“She’s not over you, is she?” I asked bluntly.
“She doesn’t really have a choice. I’m over her. That kind of throws a wrench in any plans she might have, don’t you think?” I found it strangely easy to trust AJ, so I immediately let go of the anxiety I was beginning to feel.
“Why didn’t it work out with you two?”
“She just wanted something different than I did. For her, it was all about a physical connection and she didn’t have much to offer other than that. I eventually lost interest and let her go.”
I felt a little ill at the thought of what he was implying when he said, ‘physical connection’. This made me wonder if it was a solitary incident or more of a regular occurrence throughout their relationship. I wanted to let the thought go, but it was impossible. “Let’s change the subject. I don’t want to spend our time together talking about her. We have better things to talk about.” I insisted.
“Definitely,” he agreed. A.J was thoughtful for a moment. “Why don’t you show me some of your artwork?” I didn’t speak right away. The thought of letting him up in my studio was unnerving. I didn’t care much for criticism, especially when it came to my paintings. Antonio had never even seen anything that I’d done. I fought against my nerves and slowly rose up from my bed. AJ followed me as I paced up the stairs slowly to buy myself time. I flicked the light switch and rounded the corner. Revealing my work was about the equivalent to me standing in front of him naked. My innermost thoughts and ideas were out in front of him for him to judge me and I’d be lying if I said that I wasn’t extremely uncomfortable. As I watched him walk around the perimeter of the room evaluating, I held my breath and stared at the floor. It was almost more than I could stand.
“You’re really talented.
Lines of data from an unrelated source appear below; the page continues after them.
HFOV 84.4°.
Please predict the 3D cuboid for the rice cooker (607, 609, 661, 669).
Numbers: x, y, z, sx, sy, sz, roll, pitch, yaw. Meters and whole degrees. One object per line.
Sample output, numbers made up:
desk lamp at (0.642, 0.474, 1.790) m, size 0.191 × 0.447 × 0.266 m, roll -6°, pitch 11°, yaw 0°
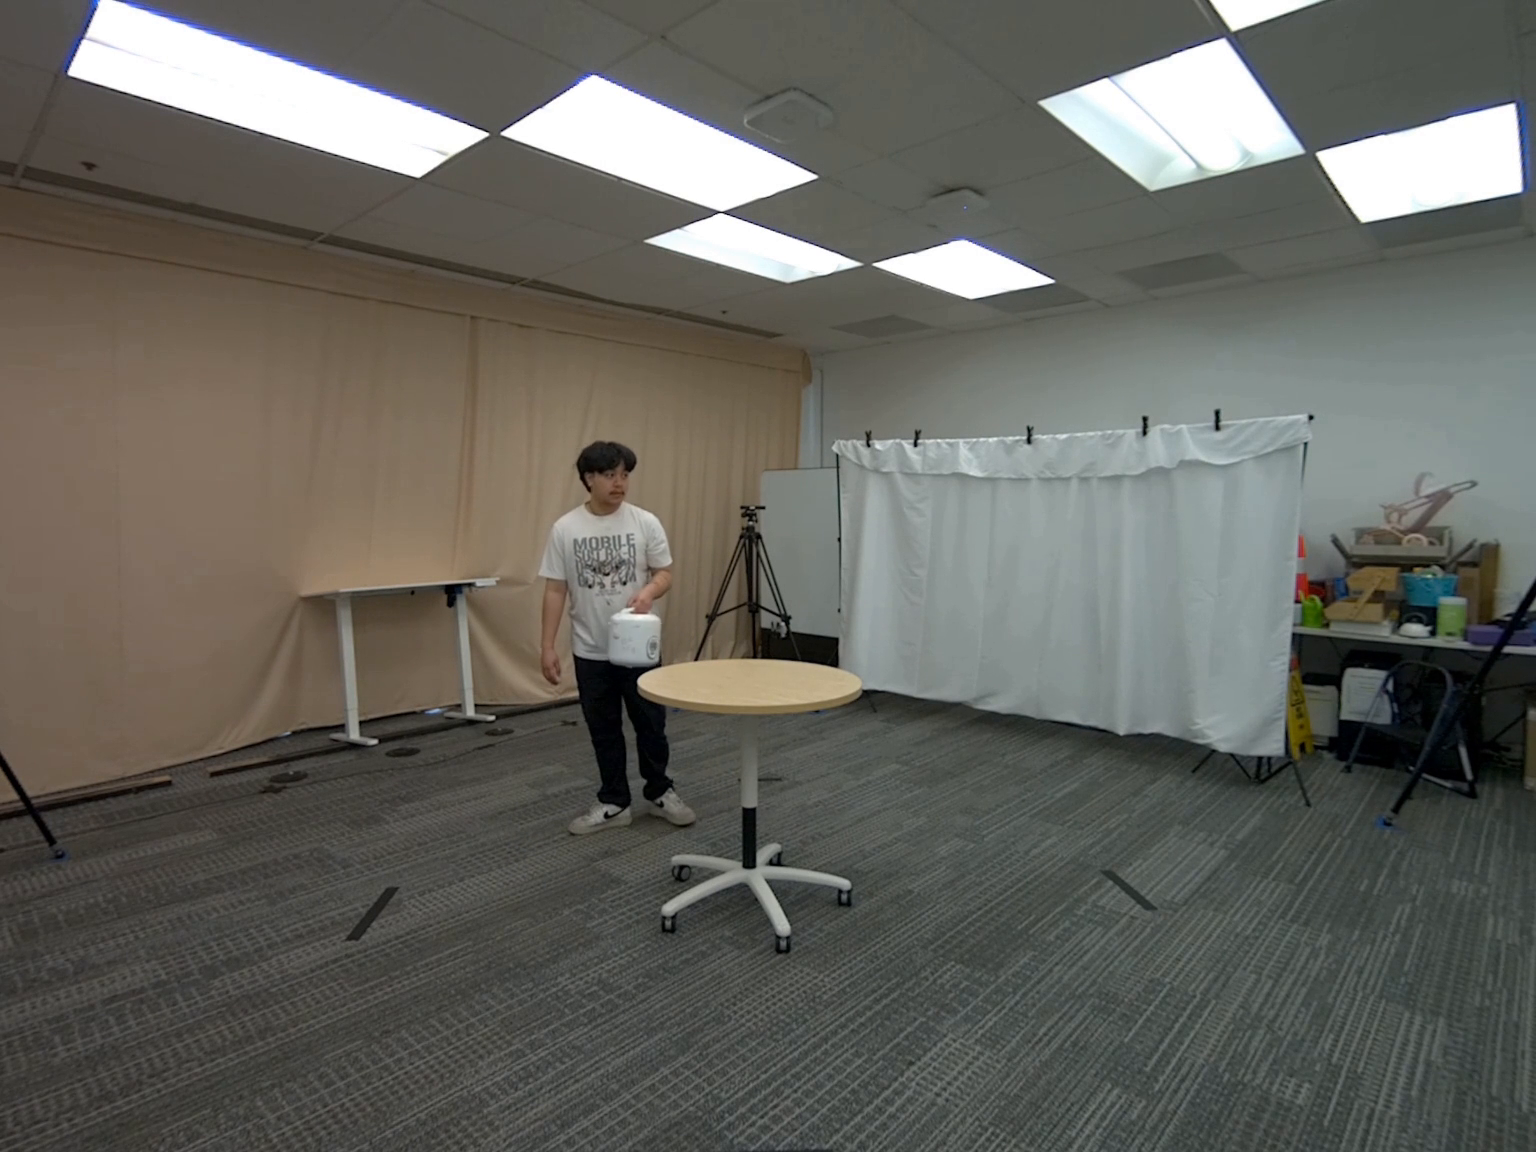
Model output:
rice cooker at (-0.531, 0.243, 3.392) m, size 0.224 × 0.233 × 0.213 m, roll 1°, pitch -3°, yaw 40°

I didn’t expect for you to be this good.” He laughed a little to himself. His eyes were still on one of the pictures as he spoke.
“Thanks.” I was still uneasy despite his compliment.
He continued to walk slowly around the room. “So, who’s your favorite artist? Who inspires you?” I’m sure that he meant for this to be a simple question, but there were so many that I admired that naming one was next to impossible.
“Well…...I pretty much like all art from the Italian Renaissance. I’m a fan of both Piero della Francesca and Jan Van Eyck, but if I had to pick a favorite it would definitely be Botticelli. Birth of Venus has always stood out from the rest.”
AJ turned to look at me momentarily before returning his gaze to the art work on the wall. His expression was curious. “What is it that draws you in?” He asked.
I liked that he was genuinely interested in something that I was so passionate about. I tried not to smile when responding. “It’s just a beautiful concept I guess. There’s Venus being blown to shore by the god Zephyr and the goddess Flora just after she was formed. Botticelli makes you feel like the world was just……waiting for her.” I paused and fidgeted with my nails while I gathered my thoughts. “Awaiting the arrival of real love.”
He turned back around and stared at me for another moment. I couldn’t make myself look away as my heart sped up. “Do you want to go back down now?” I asked nervously.
He smiled at me, realizing how uncomfortable I was. “Sure.”
I felt a little bad for rushing him, but I couldn’t help it. We walked back down the stairs and returned to my room. I sat beside him on the edge of the bed and my heart rate finally slowed to a normal pace.